- **WHAT TO WORK ON**: Scan the entries below for the word "degrees". Copy each line that has it.

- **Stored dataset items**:

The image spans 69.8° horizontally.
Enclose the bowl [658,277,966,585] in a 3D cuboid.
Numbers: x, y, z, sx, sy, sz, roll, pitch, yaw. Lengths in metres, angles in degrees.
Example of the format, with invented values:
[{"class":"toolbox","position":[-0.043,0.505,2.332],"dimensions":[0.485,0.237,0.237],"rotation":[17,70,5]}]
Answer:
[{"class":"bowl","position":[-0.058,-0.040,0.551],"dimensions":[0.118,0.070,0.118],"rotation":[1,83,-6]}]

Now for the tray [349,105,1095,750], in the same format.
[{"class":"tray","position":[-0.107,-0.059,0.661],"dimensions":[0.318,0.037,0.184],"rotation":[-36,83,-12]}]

* * *

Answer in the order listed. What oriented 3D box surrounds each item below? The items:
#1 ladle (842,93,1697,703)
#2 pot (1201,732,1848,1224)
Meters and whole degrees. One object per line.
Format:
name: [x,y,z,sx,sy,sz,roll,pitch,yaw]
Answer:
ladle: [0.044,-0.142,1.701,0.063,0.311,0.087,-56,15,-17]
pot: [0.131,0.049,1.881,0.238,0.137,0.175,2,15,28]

- **OUTPUT FOR THIS EXERCISE**:
Numbers: x, y, z, sx, sy, sz, roll, pitch, yaw. Lengths in metres, angles in degrees.
Meters and whole degrees. One object per line.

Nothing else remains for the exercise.